Reducing the Number of Measurement Nodes in RF Imaging using Antenna Pattern Diversity with an Extended Rytov Approximation

RF imaging that leverages existing wireless communication infrastructure, such as radio tomographic imaging (RTI) and joint communication and sensing (JCAS) is becoming increasingly important. A challenge of RF imaging is that it requires large measurement datasets containing independent measurements. In this paper we investigate a method to reduce the number of measurement nodes in RF imaging so that it is more suitable for integration with wireless communication. The approach is to exploit antenna pattern diversity so that each node can collect multiple independent measurements from the same measurement location, thereby decreasing the number of measurement nodes required.
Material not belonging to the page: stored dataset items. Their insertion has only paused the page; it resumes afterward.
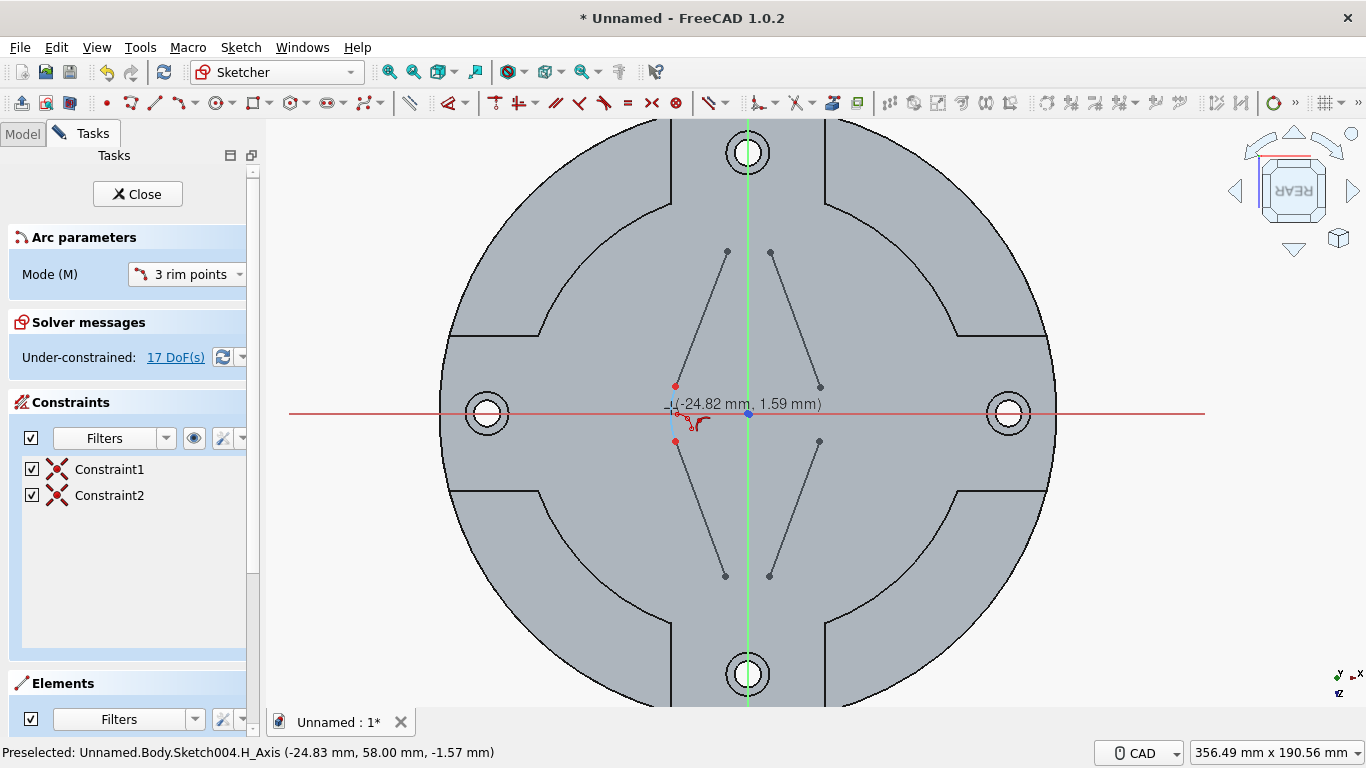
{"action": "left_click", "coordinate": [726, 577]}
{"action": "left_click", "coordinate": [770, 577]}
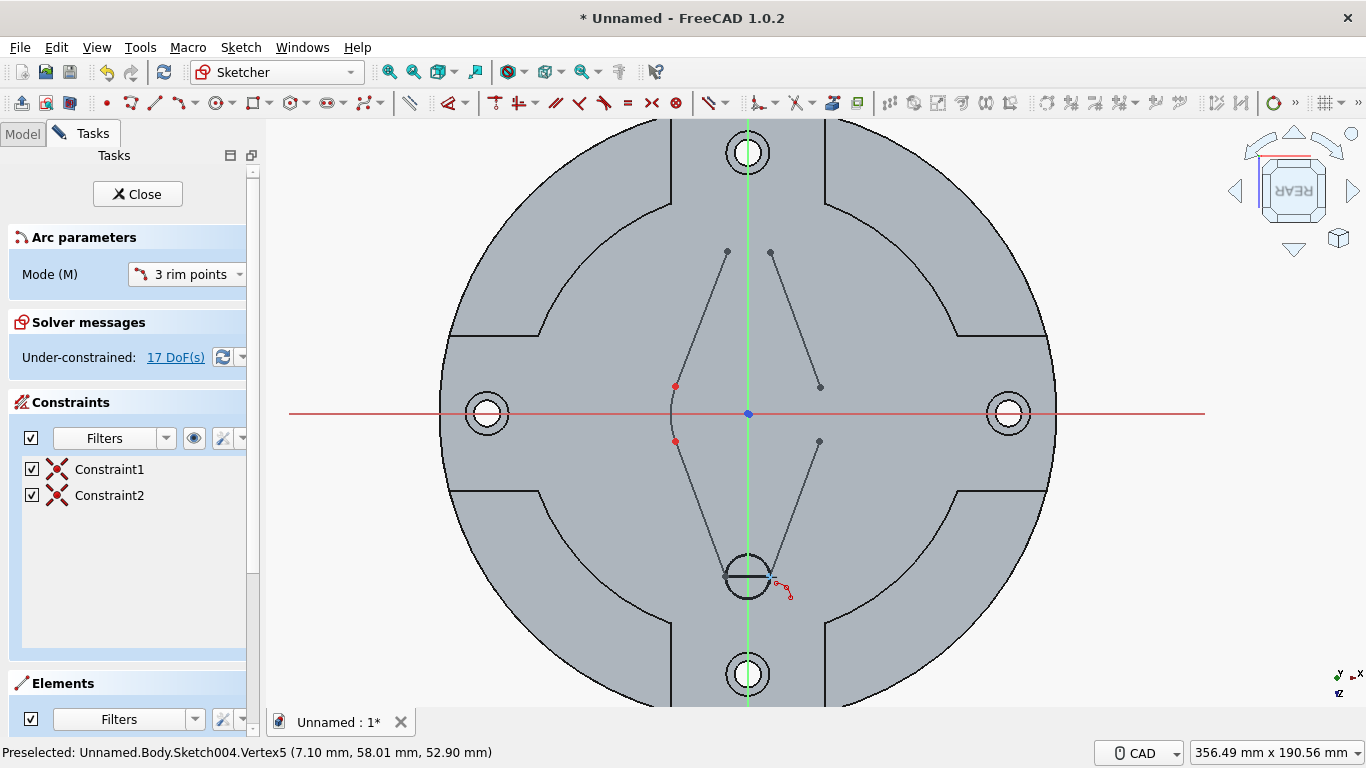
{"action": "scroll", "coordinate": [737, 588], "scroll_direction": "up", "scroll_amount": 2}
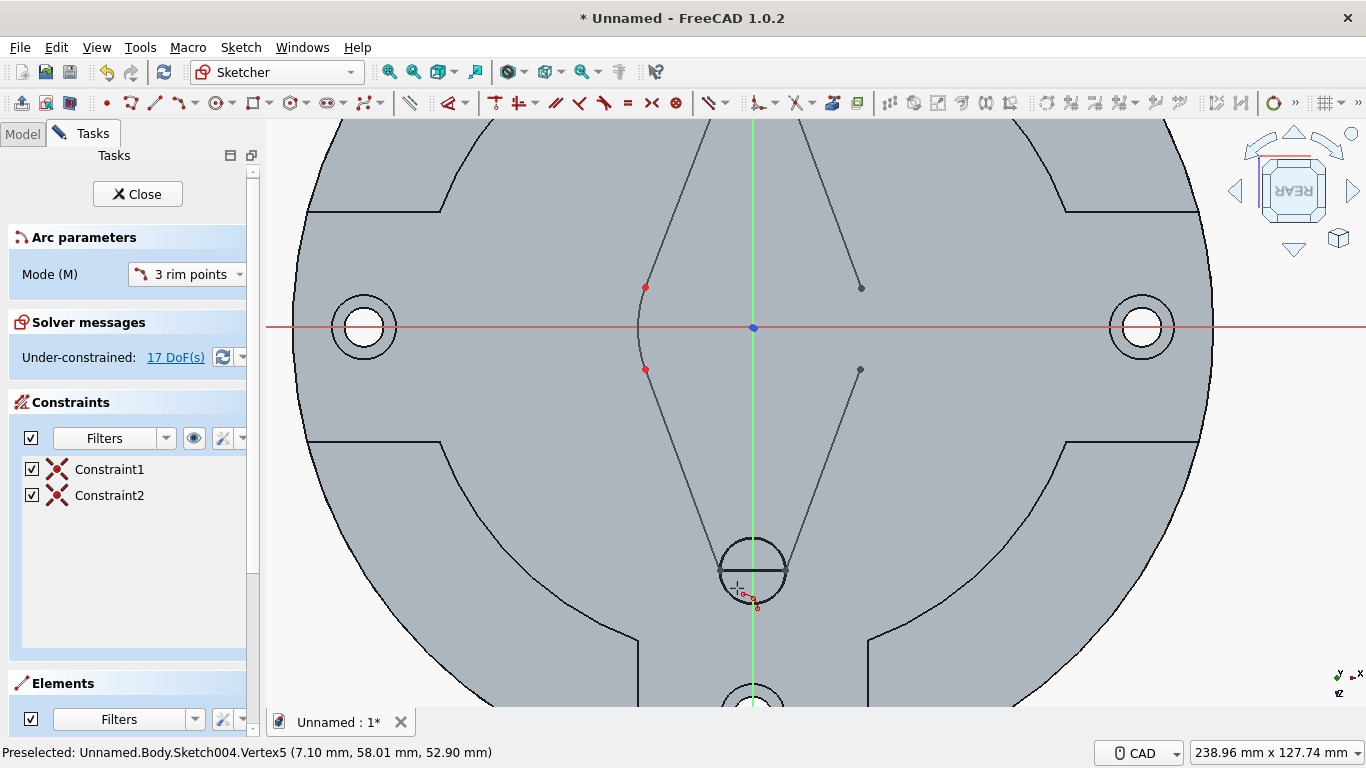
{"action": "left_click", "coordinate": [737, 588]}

Furthermore, we formulate pattern diversity for RF imaging using the recently developed extended Rytov Approximation (xRA) which has been demonstrated to provide remarkable RF reconstruction accuracy. The advantage of utilizing xRA is that it allows us to utilize the metric of sensing capacity to straightforwardly quantify the potential of various pattern diversity configurations. Using the sensing capacity metric we are able to identify configurations where the number of measurement nodes can be reduced by at least a factor of two. Simulation results are provided to verify the RF imaging approach with reduced measurement nodes, which demonstrates the potential of using pattern diversity.